Highly anticipated: NASA has published the long-awaited first images from the James Webb Space Telescope. July 12 was the scheduled drop date for the first batch of Webb images and data for a while now. At the 11th hour, however, NASA decided that President Biden should help unveil the very first image, and it certainly didn't disappoint.
Webb's First Deep Field was captured using the scope's Near-Infrared Camera (NIRCam), and is a composite made of images captured at different wavelengths across 12.5 hours.
The first image reveals the galaxy cluster SMACS 0723 as it appeared 4.6 billion years ago, and shows the effects that gravitational lensing have on distant galaxies behind it.
Trying to appreciate the vastness of space can truly melt the mind. Recent estimates peg our Milky Way galaxy as being around 100,000 light years in diameter (a single light year is equivalent to 5.8 trillion miles) and containing anywhere from 100 to 400 billion stars. Thousands of galaxies appear in the first Webb image, and NASA said this slice of the universe covers a patch of sky that is roughly the size of a grain of sand held at arm's length by someone on the ground.
At that scale, it's easy to feel insignificant on this pale blue dot we call Earth. With any luck, Webb will help us better understand our unique place in the universe and perhaps answer questions we haven't even though to ask yet.
The second "image" from Webb is a transmission spectrum created from a single observation using Webb's Near-Infrared Imager and Slitless Spectrograph (NIRISS). It reveals atmospheric characteristics of a steamy gas giant exoplanet known as WASP-96 b.
More analysis of the data will be needed but preliminary conclusions point to the presence of water vapor and clouds that suppress the vapor features. NASA said the height of the peaks and other characteristics were used to calculate an atmospheric temperature of around 1,350 degrees Fahrenheit.
WASP-96 b is located about 1,150 light-years away in a constellation known as Phoenix. The planet goes around its star once roughly every 3.5 Earth days and was first discovered in 2014.
This observation of the Southern Ring Nebula shows it almost face-on. The comparison highlights the nebula in near-infrared light (top, from the NIRCam instrument) and mid-infrared light (bottom, from the MIRI instrument).
Depicted is a white dwarf star that is similar to the Sun after it has shed its outer layers and is no longer burning fuel through nuclear fusion. It is located to the lower left of the bright, central star, and is easier to view in the mid-infrared image.
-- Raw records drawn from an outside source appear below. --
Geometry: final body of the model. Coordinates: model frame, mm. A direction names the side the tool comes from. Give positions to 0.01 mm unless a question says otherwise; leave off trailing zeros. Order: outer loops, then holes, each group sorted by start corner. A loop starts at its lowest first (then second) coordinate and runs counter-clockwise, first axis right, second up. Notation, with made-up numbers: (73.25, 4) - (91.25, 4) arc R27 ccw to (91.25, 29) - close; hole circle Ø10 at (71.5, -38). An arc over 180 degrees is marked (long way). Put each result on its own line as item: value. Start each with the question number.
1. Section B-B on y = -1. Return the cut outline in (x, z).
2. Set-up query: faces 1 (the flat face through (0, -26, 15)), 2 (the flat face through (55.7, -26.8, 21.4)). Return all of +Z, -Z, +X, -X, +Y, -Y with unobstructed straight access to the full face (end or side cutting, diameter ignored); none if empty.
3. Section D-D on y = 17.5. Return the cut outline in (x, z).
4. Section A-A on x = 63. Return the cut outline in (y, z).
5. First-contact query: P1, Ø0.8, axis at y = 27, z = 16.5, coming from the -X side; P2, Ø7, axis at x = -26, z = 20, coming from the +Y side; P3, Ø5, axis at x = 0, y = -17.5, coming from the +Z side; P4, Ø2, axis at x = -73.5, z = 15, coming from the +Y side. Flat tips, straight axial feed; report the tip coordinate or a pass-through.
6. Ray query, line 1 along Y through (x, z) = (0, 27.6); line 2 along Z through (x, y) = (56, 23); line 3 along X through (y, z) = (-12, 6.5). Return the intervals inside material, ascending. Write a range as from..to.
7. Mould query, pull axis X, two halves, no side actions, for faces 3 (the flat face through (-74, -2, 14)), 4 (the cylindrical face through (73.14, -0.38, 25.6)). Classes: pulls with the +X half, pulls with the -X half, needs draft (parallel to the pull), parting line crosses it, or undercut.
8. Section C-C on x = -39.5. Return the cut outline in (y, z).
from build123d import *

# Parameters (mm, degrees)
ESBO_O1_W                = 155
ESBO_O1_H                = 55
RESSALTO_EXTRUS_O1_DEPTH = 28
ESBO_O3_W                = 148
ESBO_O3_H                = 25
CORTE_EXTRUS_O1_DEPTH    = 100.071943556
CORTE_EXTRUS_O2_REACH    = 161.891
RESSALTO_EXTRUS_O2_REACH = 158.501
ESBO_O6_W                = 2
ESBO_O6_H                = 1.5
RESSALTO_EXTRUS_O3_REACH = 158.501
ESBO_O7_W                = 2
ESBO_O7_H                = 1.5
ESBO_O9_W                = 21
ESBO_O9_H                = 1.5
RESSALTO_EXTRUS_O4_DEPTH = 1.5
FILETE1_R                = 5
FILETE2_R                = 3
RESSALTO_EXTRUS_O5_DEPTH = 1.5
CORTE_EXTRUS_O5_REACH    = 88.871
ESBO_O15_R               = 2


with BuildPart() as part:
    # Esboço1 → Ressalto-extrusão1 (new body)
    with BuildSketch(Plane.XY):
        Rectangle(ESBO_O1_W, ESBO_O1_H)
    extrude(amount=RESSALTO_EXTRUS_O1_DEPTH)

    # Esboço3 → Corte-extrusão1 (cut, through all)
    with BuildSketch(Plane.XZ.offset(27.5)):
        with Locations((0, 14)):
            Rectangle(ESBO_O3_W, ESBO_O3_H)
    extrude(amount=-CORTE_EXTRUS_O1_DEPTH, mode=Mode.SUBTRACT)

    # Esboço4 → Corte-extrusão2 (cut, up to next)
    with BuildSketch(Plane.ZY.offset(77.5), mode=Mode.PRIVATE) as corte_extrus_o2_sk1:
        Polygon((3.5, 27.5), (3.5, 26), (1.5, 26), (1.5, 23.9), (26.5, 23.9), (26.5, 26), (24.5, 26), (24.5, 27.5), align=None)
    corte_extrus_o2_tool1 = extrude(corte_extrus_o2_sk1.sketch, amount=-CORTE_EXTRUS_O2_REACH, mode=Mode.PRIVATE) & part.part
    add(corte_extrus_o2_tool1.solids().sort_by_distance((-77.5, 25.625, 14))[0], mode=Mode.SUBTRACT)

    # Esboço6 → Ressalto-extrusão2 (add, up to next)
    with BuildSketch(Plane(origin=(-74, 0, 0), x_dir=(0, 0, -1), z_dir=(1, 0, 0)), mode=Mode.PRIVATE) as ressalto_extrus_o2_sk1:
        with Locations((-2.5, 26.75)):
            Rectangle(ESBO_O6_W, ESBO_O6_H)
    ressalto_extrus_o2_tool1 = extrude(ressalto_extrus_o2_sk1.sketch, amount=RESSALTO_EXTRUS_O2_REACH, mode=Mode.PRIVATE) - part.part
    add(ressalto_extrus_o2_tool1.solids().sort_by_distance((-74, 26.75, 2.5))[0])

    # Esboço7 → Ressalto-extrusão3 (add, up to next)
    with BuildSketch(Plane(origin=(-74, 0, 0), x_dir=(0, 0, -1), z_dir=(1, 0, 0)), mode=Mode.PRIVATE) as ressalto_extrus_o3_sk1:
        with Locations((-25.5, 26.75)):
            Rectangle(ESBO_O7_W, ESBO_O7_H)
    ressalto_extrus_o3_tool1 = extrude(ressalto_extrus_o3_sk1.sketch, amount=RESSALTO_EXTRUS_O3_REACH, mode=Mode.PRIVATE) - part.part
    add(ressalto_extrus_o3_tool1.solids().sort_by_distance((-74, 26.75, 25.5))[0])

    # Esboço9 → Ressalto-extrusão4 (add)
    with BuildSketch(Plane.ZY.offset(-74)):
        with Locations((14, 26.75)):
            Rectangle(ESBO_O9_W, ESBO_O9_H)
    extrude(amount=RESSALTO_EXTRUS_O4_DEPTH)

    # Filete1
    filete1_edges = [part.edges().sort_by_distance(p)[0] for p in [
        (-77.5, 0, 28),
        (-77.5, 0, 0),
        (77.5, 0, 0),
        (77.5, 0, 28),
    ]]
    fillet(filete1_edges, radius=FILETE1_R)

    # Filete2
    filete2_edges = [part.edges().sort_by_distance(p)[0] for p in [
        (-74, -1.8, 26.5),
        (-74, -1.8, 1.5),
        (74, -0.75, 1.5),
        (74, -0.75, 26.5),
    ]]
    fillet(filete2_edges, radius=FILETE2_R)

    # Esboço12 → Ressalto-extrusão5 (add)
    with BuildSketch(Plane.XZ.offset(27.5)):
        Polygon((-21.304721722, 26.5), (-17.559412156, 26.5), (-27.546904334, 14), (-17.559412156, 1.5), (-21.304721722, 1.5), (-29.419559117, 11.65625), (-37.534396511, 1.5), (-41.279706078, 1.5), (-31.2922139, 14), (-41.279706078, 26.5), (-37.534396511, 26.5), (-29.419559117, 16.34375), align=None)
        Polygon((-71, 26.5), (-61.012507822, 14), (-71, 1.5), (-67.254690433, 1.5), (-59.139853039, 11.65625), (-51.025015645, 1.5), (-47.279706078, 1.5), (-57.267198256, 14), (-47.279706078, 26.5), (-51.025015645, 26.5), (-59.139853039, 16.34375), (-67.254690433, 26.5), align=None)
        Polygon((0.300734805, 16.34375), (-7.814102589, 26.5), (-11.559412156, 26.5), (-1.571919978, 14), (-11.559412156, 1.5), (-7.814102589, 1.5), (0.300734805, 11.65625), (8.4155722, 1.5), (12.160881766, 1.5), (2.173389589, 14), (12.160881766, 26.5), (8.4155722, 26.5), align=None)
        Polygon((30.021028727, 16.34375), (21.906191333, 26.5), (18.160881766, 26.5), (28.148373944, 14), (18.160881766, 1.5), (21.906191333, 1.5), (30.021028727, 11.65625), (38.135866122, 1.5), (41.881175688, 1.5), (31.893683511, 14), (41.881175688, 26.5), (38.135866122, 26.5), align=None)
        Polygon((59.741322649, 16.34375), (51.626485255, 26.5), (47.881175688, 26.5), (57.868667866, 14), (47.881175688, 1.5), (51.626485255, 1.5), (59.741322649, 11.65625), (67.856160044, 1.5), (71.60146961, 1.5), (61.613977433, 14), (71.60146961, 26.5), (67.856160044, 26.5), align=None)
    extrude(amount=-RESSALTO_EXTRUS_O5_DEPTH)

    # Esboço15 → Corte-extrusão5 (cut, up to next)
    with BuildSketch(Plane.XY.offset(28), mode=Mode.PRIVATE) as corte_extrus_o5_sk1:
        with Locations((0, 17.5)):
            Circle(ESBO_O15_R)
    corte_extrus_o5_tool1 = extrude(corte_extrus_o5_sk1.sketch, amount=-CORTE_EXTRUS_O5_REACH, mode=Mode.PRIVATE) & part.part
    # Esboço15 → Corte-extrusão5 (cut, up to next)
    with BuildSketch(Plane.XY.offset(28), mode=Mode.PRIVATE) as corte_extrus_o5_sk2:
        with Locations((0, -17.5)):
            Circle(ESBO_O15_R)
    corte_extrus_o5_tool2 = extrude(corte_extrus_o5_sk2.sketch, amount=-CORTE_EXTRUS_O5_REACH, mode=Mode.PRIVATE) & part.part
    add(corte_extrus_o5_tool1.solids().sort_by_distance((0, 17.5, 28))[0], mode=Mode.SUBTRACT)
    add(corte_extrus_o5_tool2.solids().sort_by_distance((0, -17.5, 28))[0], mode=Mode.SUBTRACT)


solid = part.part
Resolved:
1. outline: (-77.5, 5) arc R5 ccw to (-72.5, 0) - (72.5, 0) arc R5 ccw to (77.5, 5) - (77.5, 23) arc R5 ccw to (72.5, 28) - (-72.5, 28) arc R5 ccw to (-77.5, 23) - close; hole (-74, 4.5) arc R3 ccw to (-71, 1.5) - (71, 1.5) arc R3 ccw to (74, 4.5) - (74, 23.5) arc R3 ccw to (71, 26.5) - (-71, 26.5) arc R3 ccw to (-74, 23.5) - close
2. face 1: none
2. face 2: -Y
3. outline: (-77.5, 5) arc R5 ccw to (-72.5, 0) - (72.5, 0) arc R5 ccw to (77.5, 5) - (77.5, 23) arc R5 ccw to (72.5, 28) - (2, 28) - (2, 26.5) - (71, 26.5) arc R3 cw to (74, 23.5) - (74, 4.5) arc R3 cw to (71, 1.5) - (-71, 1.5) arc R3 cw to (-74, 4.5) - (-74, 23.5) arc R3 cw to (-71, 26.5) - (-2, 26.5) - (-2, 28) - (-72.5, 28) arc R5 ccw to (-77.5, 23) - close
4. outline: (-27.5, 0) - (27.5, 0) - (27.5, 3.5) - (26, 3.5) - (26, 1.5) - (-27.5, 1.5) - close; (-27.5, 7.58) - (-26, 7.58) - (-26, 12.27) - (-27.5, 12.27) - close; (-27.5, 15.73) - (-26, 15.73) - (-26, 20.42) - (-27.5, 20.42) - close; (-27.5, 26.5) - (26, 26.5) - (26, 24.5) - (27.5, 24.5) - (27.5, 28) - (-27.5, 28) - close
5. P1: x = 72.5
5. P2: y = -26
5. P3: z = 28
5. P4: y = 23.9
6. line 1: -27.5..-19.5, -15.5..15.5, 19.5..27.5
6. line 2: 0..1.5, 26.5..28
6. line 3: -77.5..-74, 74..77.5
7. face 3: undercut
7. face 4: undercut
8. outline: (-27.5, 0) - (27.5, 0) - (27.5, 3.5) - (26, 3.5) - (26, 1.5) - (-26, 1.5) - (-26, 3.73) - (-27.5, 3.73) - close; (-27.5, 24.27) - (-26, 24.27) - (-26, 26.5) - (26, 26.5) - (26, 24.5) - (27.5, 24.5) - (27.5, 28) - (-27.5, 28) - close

You may have noticed that the resolution of the near-infrared image is much higher than that of the mid-infrared photo. This, NASA said, is due to physics. In short, NIRCam delivers higher-resolution images because the wavelengths of light it captures are shorter while MIRI wavelengths are longer. The longer the wavelength, the coarser the image.
This mosaic of Stephan's Quintet was put together using nearly 1,000 separate images and is the largest image from Webb to date. It depicts a grouping of five galaxies collectively known as the Hickson Compact Group 92, and was captured using Webb's NIRCam and MIRI instruments.
The name is a bit deceptive considering only four of the five galaxies are relatively close to each other. The outlier, NGC 7320 (the leftmost galaxy in the image), is around 40 million light-years from Earth while the others (NGC 7317, NGC 7318A, NGC 7318B, and NGC 7319) are closer to 290 million light-years away.
Webb was even able to resolve individual stars and the bright core of NGC 7320. NASA's full-res image of this cluster measures 12,654 x 12,132 pixels and weighs in around 182MB, and is well worth a download to explore in 1:1 scale.
Last but certainly not least is this stunning image of the Carina Nebula, a cosmic nursery that was captured by Webb's NIRCam. This same section had previously been imaged by Hubble but lacked the level of detail that Webb is capable of. It's like going from SD resolution on a tube TV to 8K on the latest OLED.
The constellation Carina is roughly 7,600 light-years away and was first catalogued by James Dunlop way back in 1826. It is visible from the Southern Hemisphere, with this specific section located in the northwest corner of the Carina Nebula.